The PDPA was internally fragmented (the president and prime minister were basically at war), and through coups, assassinations, and in-fighting, it was unclear whether the country would lean Islamist, pro-Russian, or pro-Western when the smoke cleared. The events leading up to the Soviet invasion are very complex, involving a lot of politics, religion, and ethnic divisions. But basically, the "official government" PDPA was fighting for its life to maintain power, and also implemented a lot of Soviet-advocated communistic policies (like land reform) which offended rural and Islamic Afghans. A rebellion spread, led by Islamists and former-PDPA members who broke off from the central government. The Rebels killed hundreds of Soviet advisors, and much of the Afghan military defected to the rebel side. As backlash against the pro-Soviet Kabul government, the rebels also made incursions into Southern USSR to kill Russian citizens and engage in other terrorist acts, as the PKK does against Turkey from their refuges in Iraqi Kurdistan.
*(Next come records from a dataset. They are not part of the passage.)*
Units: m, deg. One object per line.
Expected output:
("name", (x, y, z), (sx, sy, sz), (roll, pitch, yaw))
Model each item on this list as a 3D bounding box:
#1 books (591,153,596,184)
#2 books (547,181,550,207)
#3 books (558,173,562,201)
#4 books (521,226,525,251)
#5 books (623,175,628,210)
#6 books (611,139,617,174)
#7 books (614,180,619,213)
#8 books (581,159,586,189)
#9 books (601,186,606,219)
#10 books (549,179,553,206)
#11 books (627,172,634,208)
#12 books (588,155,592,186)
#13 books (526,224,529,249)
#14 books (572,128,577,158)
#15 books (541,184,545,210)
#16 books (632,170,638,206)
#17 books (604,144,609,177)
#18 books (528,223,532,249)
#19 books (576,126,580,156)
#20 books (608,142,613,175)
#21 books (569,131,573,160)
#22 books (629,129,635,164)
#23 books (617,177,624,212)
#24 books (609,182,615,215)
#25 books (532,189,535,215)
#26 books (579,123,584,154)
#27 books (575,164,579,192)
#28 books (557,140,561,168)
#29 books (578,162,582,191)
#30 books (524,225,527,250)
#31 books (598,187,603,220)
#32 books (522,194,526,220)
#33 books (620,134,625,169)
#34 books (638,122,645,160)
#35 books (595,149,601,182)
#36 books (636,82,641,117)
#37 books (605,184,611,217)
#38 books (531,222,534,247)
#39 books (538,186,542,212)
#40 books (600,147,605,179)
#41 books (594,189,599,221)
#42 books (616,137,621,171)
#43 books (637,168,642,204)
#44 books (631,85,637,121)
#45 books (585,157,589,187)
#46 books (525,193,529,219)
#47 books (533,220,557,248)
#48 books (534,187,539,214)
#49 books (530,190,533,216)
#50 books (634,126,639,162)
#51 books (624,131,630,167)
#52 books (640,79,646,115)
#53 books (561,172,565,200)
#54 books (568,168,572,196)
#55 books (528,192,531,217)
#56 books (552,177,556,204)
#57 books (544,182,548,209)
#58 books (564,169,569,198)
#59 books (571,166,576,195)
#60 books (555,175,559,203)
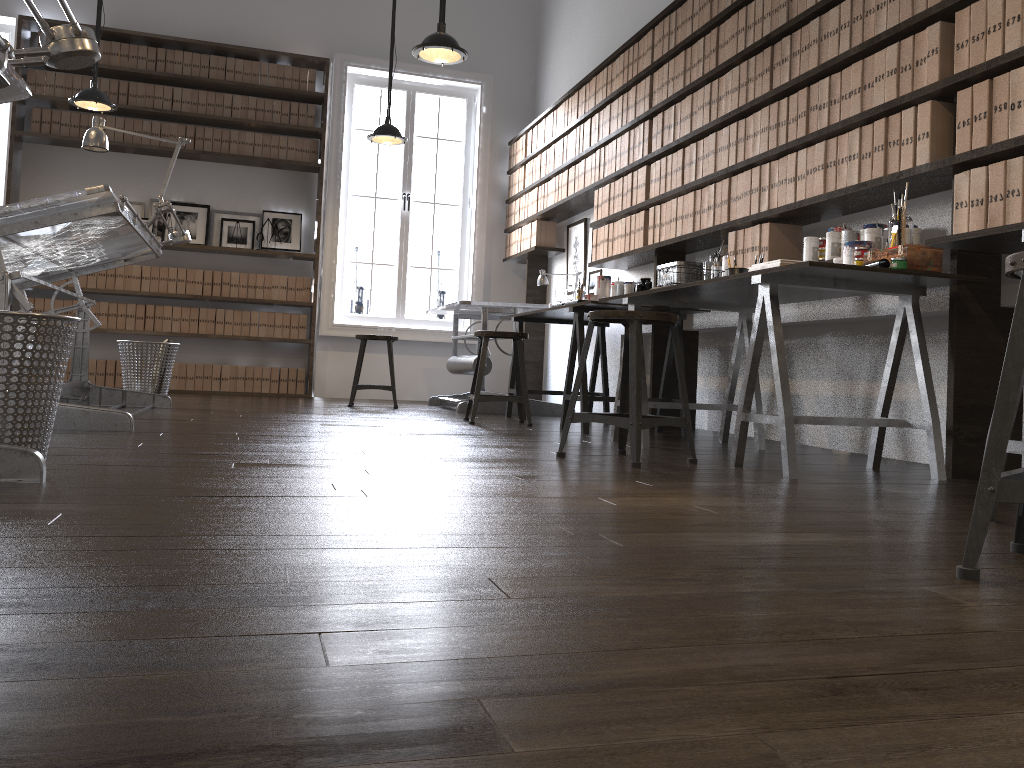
("books", (0.646, -1.482, 6.154), (0.174, 0.226, 0.067), (3, -2, -16))
("books", (0.376, -1.505, 7.090), (0.174, 0.226, 0.066), (3, -2, -16))
("books", (0.452, -1.498, 6.823), (0.174, 0.226, 0.066), (3, -2, -16))
("books", (0.173, -1.250, 7.705), (0.174, 0.226, 0.067), (3, -2, -16))
("books", (0.796, -1.198, 5.609), (0.174, 0.226, 0.066), (3, -2, -16))
("books", (0.748, -1.480, 5.808), (0.174, 0.226, 0.067), (3, -2, -16))
("books", (0.755, -1.201, 5.745), (0.174, 0.226, 0.066), (3, -2, -16))
("books", (0.587, -1.486, 6.347), (0.174, 0.226, 0.067), (3, -2, -16))
("books", (0.696, -1.206, 5.942), (0.174, 0.226, 0.066), (3, -2, -16))
("books", (0.392, -1.503, 7.022), (0.174, 0.226, 0.066), (3, -2, -16))
("books", (0.812, -1.196, 5.536), (0.174, 0.226, 0.067), (3, -2, -16))
("books", (0.627, -1.483, 6.224), (0.174, 0.226, 0.066), (3, -2, -16))
("books", (0.215, -1.247, 7.576), (0.174, 0.226, 0.066), (3, -2, -16))
("books", (0.541, -1.766, 6.556), (0.174, 0.226, 0.066), (3, -2, -16))
("books", (0.331, -1.508, 7.223), (0.174, 0.226, 0.067), (3, -2, -16))
("books", (0.838, -1.194, 5.466), (0.174, 0.226, 0.066), (3, -2, -16))
("books", (0.714, -1.483, 5.944), (0.174, 0.226, 0.066), (3, -2, -16))
("books", (0.229, -1.245, 7.510), (0.174, 0.226, 0.067), (3, -2, -16))
("books", (0.562, -1.765, 6.487), (0.174, 0.226, 0.067), (3, -2, -16))
("books", (0.732, -1.482, 5.876), (0.174, 0.226, 0.066), (3, -2, -16))
("books", (0.524, -1.768, 6.627), (0.174, 0.226, 0.066), (3, -2, -16))
("books", (0.828, -1.473, 5.551), (0.174, 0.226, 0.066), (3, -2, -16))
("books", (0.771, -1.200, 5.676), (0.174, 0.226, 0.066), (3, -2, -16))
("books", (0.735, -1.203, 5.813), (0.174, 0.226, 0.066), (3, -2, -16))
("books", (0.268, -1.521, 7.449), (0.174, 0.226, 0.066), (3, -2, -16))
("books", (0.584, -1.763, 6.427), (0.174, 0.226, 0.066), (3, -2, -16))
("books", (0.554, -1.489, 6.481), (0.174, 0.226, 0.066), (3, -2, -16))
("books", (0.444, -1.775, 6.897), (0.174, 0.226, 0.066), (3, -2, -16))
("books", (0.574, -1.488, 6.413), (0.174, 0.226, 0.066), (3, -2, -16))
("books", (0.196, -1.248, 7.635), (0.174, 0.226, 0.066), (3, -2, -16))
("books", (0.677, -1.208, 6.001), (0.174, 0.226, 0.066), (3, -2, -16))
("books", (0.183, -1.528, 7.722), (0.174, 0.226, 0.066), (3, -2, -16))
("books", (0.789, -1.477, 5.679), (0.174, 0.226, 0.066), (3, -2, -16))
("books", (0.865, -1.470, 5.414), (0.174, 0.226, 0.066), (3, -2, -16))
("books", (0.667, -1.487, 6.078), (0.174, 0.226, 0.066), (3, -2, -16))
("books", (0.862, -1.740, 5.484), (0.174, 0.226, 0.066), (3, -2, -16))
("books", (0.711, -1.205, 5.876), (0.174, 0.226, 0.067), (3, -2, -16))
("books", (0.256, -1.243, 7.445), (0.174, 0.226, 0.066), (3, -2, -16))
("books", (0.309, -1.510, 7.302), (0.174, 0.226, 0.066), (3, -2, -16))
("books", (0.690, -1.485, 6.010), (0.174, 0.226, 0.066), (3, -2, -16))
("books", (0.655, -1.210, 6.070), (0.174, 0.226, 0.067), (3, -2, -16))
("books", (0.770, -1.478, 5.739), (0.174, 0.226, 0.066), (3, -2, -16))
("books", (0.857, -1.193, 5.393), (0.174, 0.226, 0.066), (3, -2, -16))
("books", (0.839, -1.741, 5.547), (0.174, 0.226, 0.067), (3, -2, -16))
("books", (0.611, -1.485, 6.284), (0.174, 0.226, 0.066), (3, -2, -16))
("books", (0.206, -1.526, 7.654), (0.174, 0.226, 0.066), (3, -2, -16))
("books", (0.274, -1.242, 7.378), (0.174, 0.226, 0.066), (3, -2, -16))
("books", (0.281, -1.519, 7.387), (0.174, 0.226, 0.067), (3, -2, -16))
("books", (0.248, -1.522, 7.521), (0.174, 0.226, 0.066), (3, -2, -16))
("books", (0.849, -1.472, 5.483), (0.174, 0.226, 0.066), (3, -2, -16))
("books", (0.804, -1.475, 5.614), (0.174, 0.226, 0.067), (3, -2, -16))
("books", (0.878, -1.738, 5.423), (0.174, 0.226, 0.066), (3, -2, -16))
("books", (0.472, -1.496, 6.761), (0.174, 0.226, 0.066), (3, -2, -16))
("books", (0.514, -1.493, 6.618), (0.174, 0.226, 0.066), (3, -2, -16))
("books", (0.230, -1.524, 7.588), (0.174, 0.226, 0.066), (3, -2, -16))
("books", (0.409, -1.501, 6.952), (0.174, 0.226, 0.066), (3, -2, -16))
("books", (0.354, -1.506, 7.156), (0.174, 0.226, 0.066), (3, -2, -16))
("books", (0.488, -1.495, 6.688), (0.174, 0.226, 0.067), (3, -2, -16))
("books", (0.530, -1.491, 6.548), (0.174, 0.226, 0.066), (3, -2, -16))
("books", (0.429, -1.500, 6.882), (0.174, 0.226, 0.067), (3, -2, -16))
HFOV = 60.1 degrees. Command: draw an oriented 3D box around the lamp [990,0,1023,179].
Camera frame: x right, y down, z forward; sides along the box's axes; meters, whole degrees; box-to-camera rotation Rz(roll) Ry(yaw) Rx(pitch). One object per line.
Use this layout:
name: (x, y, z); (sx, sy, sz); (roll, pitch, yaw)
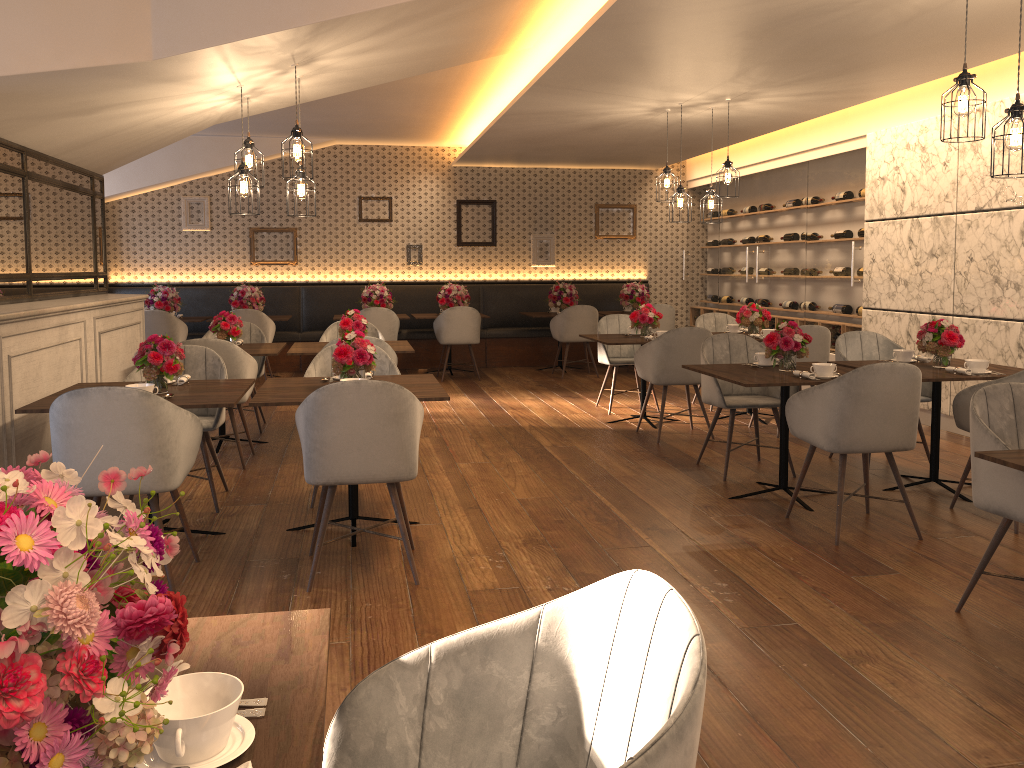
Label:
lamp: (2.075, -1.885, 3.583); (0.175, 2.062, 0.176); (-1, 4, -9)

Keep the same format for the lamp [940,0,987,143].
lamp: (2.015, -2.120, 3.891); (0.175, 2.062, 0.176); (-1, 4, -9)

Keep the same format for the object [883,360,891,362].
object: (2.359, -0.133, 5.458); (0.022, 0.004, 0.212); (-2, 8, -10)

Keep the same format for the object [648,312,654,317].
object: (1.149, -0.577, 7.410); (0.077, 0.052, 0.046); (6, 8, 42)

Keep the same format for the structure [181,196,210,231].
structure: (-4.023, -2.171, 11.266); (0.340, 0.438, 0.035); (-1, 4, -10)

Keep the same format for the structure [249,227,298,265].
structure: (-3.086, -1.783, 11.465); (0.601, 0.483, 0.032); (-1, 4, -10)

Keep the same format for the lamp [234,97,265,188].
lamp: (-1.655, -2.271, 5.504); (0.175, 2.062, 0.176); (-1, 4, -9)

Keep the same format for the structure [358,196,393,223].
structure: (-1.798, -2.301, 11.671); (0.449, 0.343, 0.016); (-1, 4, -10)

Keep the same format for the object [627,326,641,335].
object: (1.085, -0.469, 7.765); (0.148, 0.072, 0.149); (-5, 8, -32)

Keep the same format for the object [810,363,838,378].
object: (1.670, -0.070, 4.741); (0.148, 0.072, 0.149); (-5, 8, -32)

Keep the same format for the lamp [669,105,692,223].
lamp: (1.400, -2.376, 7.305); (0.175, 2.062, 0.176); (-1, 4, -9)

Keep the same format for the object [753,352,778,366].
object: (1.527, -0.148, 5.332); (0.148, 0.072, 0.149); (-5, 8, -32)

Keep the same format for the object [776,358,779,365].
object: (1.639, -0.134, 5.353); (0.056, 0.039, 0.176); (-1, 7, -10)

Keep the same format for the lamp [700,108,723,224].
lamp: (1.697, -2.401, 7.487); (0.175, 2.062, 0.176); (-1, 4, -9)

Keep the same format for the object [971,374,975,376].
object: (2.495, -0.070, 4.900); (0.025, 0.024, 0.193); (-1, 8, -10)

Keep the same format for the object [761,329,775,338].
object: (2.133, -0.416, 7.337); (0.148, 0.072, 0.149); (-5, 8, -32)

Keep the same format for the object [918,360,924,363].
object: (2.511, -0.150, 5.501); (0.025, 0.024, 0.193); (-1, 8, -10)

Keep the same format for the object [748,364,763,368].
object: (1.455, -0.108, 5.295); (0.022, 0.004, 0.212); (-2, 8, -10)

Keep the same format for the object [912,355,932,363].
object: (2.543, -0.159, 5.516); (0.056, 0.039, 0.176); (-1, 7, -10)

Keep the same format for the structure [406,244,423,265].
structure: (-1.298, -1.722, 11.803); (0.216, 0.276, 0.018); (-1, 4, -10)

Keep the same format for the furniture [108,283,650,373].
furniture: (-1.540, -0.742, 11.536); (7.089, 1.077, 0.544); (-2, 5, -10)

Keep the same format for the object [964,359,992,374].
object: (2.575, -0.095, 4.904); (0.148, 0.072, 0.149); (-5, 8, -32)

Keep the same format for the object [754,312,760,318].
object: (2.066, -0.590, 7.544); (0.048, 0.052, 0.077); (-4, 7, -31)

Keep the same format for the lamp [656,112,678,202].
lamp: (1.341, -2.611, 7.613); (0.175, 2.062, 0.176); (-1, 4, -9)

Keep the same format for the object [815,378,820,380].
object: (1.591, -0.046, 4.738); (0.025, 0.024, 0.193); (-1, 8, -10)

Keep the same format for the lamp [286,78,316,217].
lamp: (-1.299, -2.061, 5.378); (0.175, 2.062, 0.176); (-1, 4, -9)

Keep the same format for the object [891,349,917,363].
object: (2.431, -0.173, 5.495); (0.148, 0.072, 0.149); (-5, 8, -32)

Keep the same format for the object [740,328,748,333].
object: (2.102, -0.480, 7.949); (0.056, 0.039, 0.176); (-1, 7, -10)

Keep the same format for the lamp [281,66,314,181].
lamp: (-1.241, -2.211, 5.041); (0.175, 2.062, 0.176); (-1, 4, -9)

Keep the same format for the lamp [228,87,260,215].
lamp: (-1.596, -2.036, 5.196); (0.175, 2.062, 0.176); (-1, 4, -9)

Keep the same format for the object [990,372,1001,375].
object: (2.647, -0.066, 4.946); (0.022, 0.004, 0.212); (-2, 8, -10)

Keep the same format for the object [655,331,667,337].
object: (1.229, -0.391, 7.174); (0.148, 0.072, 0.149); (-5, 8, -32)

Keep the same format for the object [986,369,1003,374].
object: (2.683, -0.072, 4.945); (0.043, 0.015, 0.198); (-2, 8, -14)

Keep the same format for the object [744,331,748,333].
object: (2.070, -0.471, 7.934); (0.025, 0.024, 0.193); (-1, 8, -10)

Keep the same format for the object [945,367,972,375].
object: (2.463, -0.075, 4.884); (0.056, 0.039, 0.176); (-1, 7, -10)

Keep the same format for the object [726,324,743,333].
object: (1.990, -0.494, 7.928); (0.148, 0.072, 0.149); (-5, 8, -32)

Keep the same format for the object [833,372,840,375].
object: (1.778, -0.047, 4.782); (0.043, 0.015, 0.198); (-2, 8, -14)

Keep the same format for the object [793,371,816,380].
object: (1.558, -0.050, 4.722); (0.056, 0.039, 0.176); (-1, 7, -10)

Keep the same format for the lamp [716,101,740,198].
lamp: (1.755, -2.551, 7.150); (0.175, 2.062, 0.176); (-1, 4, -9)

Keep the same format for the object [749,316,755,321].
object: (2.041, -0.560, 7.554); (0.049, 0.052, 0.078); (0, 7, 0)

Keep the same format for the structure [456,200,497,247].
structure: (-0.477, -2.162, 11.920); (0.544, 0.629, 0.035); (-1, 4, -10)

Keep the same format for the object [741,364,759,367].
object: (1.419, -0.114, 5.295); (0.043, 0.015, 0.198); (-2, 8, -14)
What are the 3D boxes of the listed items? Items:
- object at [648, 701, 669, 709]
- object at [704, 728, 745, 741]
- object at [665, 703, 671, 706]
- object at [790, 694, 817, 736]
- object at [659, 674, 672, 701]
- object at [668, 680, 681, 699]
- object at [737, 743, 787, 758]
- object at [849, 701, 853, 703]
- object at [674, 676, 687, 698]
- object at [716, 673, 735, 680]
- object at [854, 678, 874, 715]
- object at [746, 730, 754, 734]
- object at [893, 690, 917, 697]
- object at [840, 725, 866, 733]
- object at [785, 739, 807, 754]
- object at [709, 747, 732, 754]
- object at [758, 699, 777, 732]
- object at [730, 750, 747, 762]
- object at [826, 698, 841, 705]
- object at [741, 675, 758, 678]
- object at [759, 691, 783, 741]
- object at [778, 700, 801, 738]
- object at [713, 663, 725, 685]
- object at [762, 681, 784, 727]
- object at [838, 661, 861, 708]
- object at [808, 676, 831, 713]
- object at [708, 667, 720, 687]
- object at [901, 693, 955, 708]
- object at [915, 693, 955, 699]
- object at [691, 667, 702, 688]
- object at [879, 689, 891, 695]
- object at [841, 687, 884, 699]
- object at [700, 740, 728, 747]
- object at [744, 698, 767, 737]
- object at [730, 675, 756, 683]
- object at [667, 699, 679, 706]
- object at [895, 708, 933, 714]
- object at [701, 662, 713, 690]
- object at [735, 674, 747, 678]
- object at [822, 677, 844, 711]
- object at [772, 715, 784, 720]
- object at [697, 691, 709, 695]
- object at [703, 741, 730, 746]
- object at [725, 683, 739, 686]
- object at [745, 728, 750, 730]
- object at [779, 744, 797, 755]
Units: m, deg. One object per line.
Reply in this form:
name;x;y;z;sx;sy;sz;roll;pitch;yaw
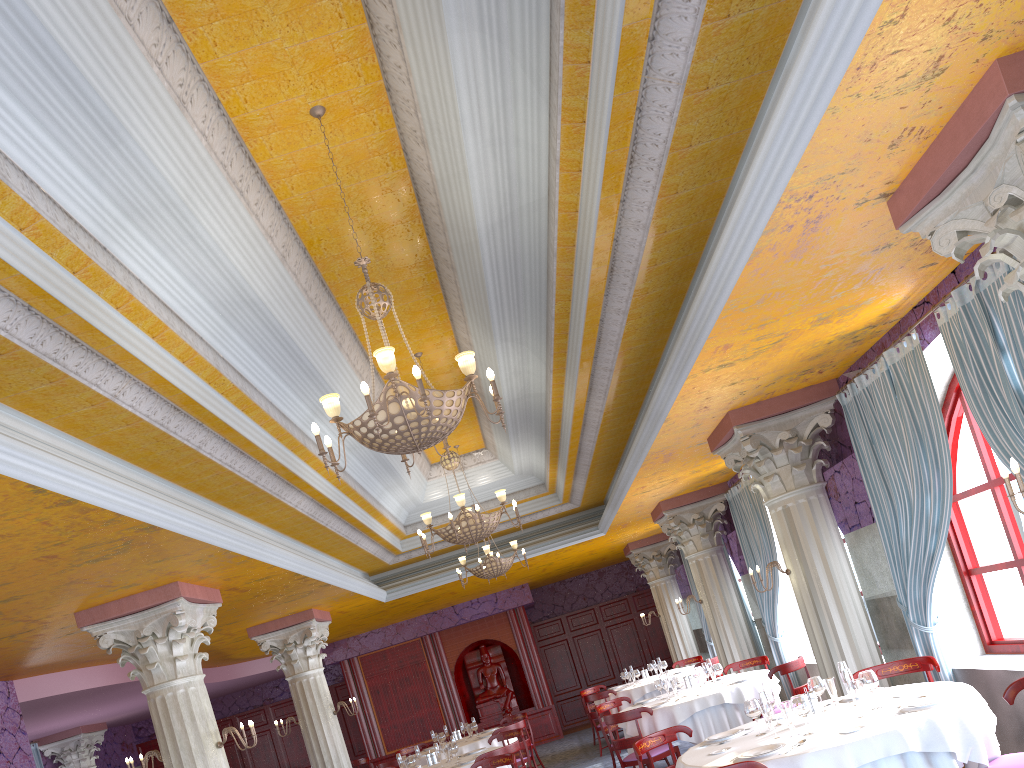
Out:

Now if you were a leader in Moscow and saw these events unfolding on your southern border, what would you do? If a politically like-minded regime was under attack from forces threatening your national interests, what would you do? Isn't that Bush's justification for our continued presence in Iraq? It would be like a civil war in Mexico, and the pro-American government was opposed by Mexican Al Qaeda sympathizers. The rebels penetrate the US Southwest to kill Americans and wreak havoc. Would Washington just sit on its hands and try to work things out diplomatically? They would send troops at the drop of a hat! It was a documented but secret policy of the Carter Administration (as told by Robert Gates and Zbigniew Brzezinski, among others) to use instability in Afghanistan to "induce Soviet intervention", and all this happened even before Charlie Wilson ever heard of the Mujahadeen. In fact, CIA aid to the Mujahadeen and other rebels began at least six months BEFORE the Soviet invasion and the "Peace through Strength" Reaganites continued the effort. But helping oppressed people win their freedom was not our goal.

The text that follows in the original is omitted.